Puntuale, arriva la dichiarazione delle Merkel: “I paesi i cui bond verranno acquistati dai fondi Esm/Efsf dovranno rispettare condizioni che saranno verificate dalla troika Ue-Bce-Fmi”. Altro che festeggiamenti, e ottimi accordi, dunque.
I giornali titolano che quella di ieri e’ stata una vittoria di Mario Monti, ma le cose in realta’ stanno diversamente. Prima la notizia: l’accordo raggiunto, a quanto pare, prevede a grosse linee che da ora in poi vi sara’ un intervento diretto del Fondo Salva Stati per andare a calmierare gli spread eventualmente in salita dei Paesi in difficolta’. Una sorta di soluzione per intercettare le situazioni piu’ acute. Questo il punto centrale, a quanto si sa al momento, della riunione fiume di ieri. Trovate le cronache su ogni giornale, dall’asse Monti-Hollande al viso ceruleo della Merkel all’uscita dalla riunione a notte fonda.
Un bell’accordo? Non diremmo, e vediamo il perche’, che e’ unico, ma essenziale.
Intanto registriamo per dovere di cronaca che i mercati stanno apprezzando la cosa, visto che le Borse al momento riprendono fiato (dunque gli speculatori al rialzo guadagnano) e che gli spread diminuiscono. Quello dell’Italia passa in poche ore dai 470 punti di ieri ai 410 attuali (ore 11). Quattrocentodieci, sia chiaro: molto al di la’, in ogni caso, della soglia di sicurezza citata da Monti stesso a suo tempo, ma insomma per il momento in discesa.
Gli sherpa dei vari governi stanno preparando la bozza del testo che, secondo le previsioni, dovrebbe essere approvato il prossimo 9 luglio.
Ma cerchiamo di capirne l’essenza. Dunque, per calmierare gli spread – cioe’ quello che chiamano strumento per la stabilizzazione europeo – si prevede che il Fondo Salva Stati intervenga direttamente in caso di difficolta’. La novita’ risiede nell’utilizzo automatico del Fondo in tali occasioni, ma essa non cambia la situazione, per un motivo ben preciso: il Fondo Salva Stati e’ alimentato dagli Stati stessi. Si tratta di denaro che ogni Stato dell’Unione versa nel Fondo per soccorrere i paesi in crisi (attenzione: non cadiamo nella falsa dichiarazione di Monti secondo la quale il meccanismo non pesera’ sui bilanci degli Stati: il meccanismo pesa eccome, visto che il Fondo in ogni caso e’ sempre composto dal denaro dei vari Stati).
Dunque, mediante il Fondo, gli Stati si tassano per diventare soccorritori. Orbene, nel momento attuale, gli Stati stanno passando, tutti, tranne la Germania, dalla situazione di soccorritori a quella di soccorsi. Dunque chi fino a ora poteva soccorrere ha bisogno adesso di essere soccorso. E cosa succede quando sono piu’ numerosi gli Stati a dover essere soccorsi rispetto a quelli in grado di soccorrere? Fin troppo semplice la risposta. Il Fondo Salva Stati e’ destinato presto a esaurirsi e dunque a dover essere incrementato. Da chi? Da chi puo’, ovvero solo la Germania. E siamo – saremo – da capo.
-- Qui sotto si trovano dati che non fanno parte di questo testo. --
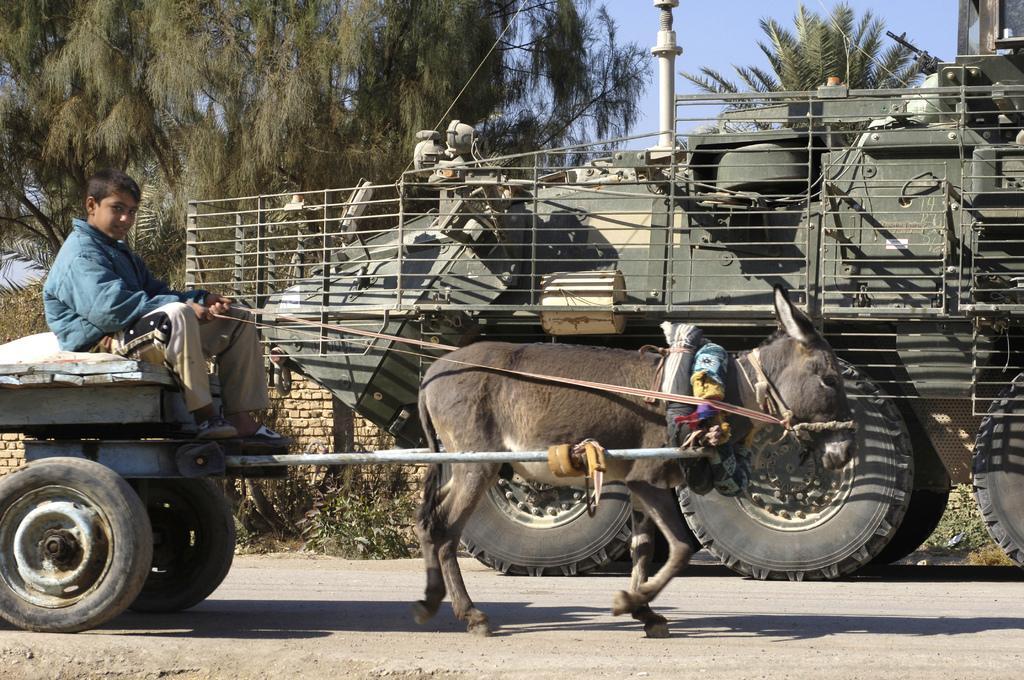In one or two sentences, can you explain what this image depicts? In this image we can see a boy sitting on a cart. There is a donkey. In the background of the image there is a war tank. There are trees. There is a pole. At the bottom of the image there is road.

Ecco il motivo della dichiarazione della Merkel che abbiamo citato in apertura. Dichiarazione che e’ destinata ovviamente a incrinare tutte le decisioni strombazzate dai media in queste ore.
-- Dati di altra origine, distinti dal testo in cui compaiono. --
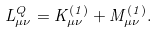<formula> <loc_0><loc_0><loc_500><loc_500>L ^ { Q } _ { \mu \nu } = K ^ { ( 1 ) } _ { \mu \nu } + M ^ { ( 1 ) } _ { \mu \nu } .</formula>

Ultima nota, che non ci sembra di poco contro: a quanto pare tale nuovo meccanismo sara’ messo in opera dalla Bce. In altre parole, il Fondo Salva Stati interverra’ automaticamente nei casi di difficolta’ dei paesi sotto la supervisione della Banca Centrale Europea. Come dire, sara’ Mario Draghi a gestirlo. Una Banca privata, che gia’ gestisce il denaro in circolazione a monte, ovvero nel momento della sua creazione, adesso lo gestira’ anche a valle, ovvero dopo che gli Stati lo avranno messo a sua disposizione, attraverso il Fondo, per calmierare i mercati.
E allora, si tratta di un bell’accordo, come ci ripetono da tutte le parti, o di una ennesima, ridicola, inutile e ipocrita illusione?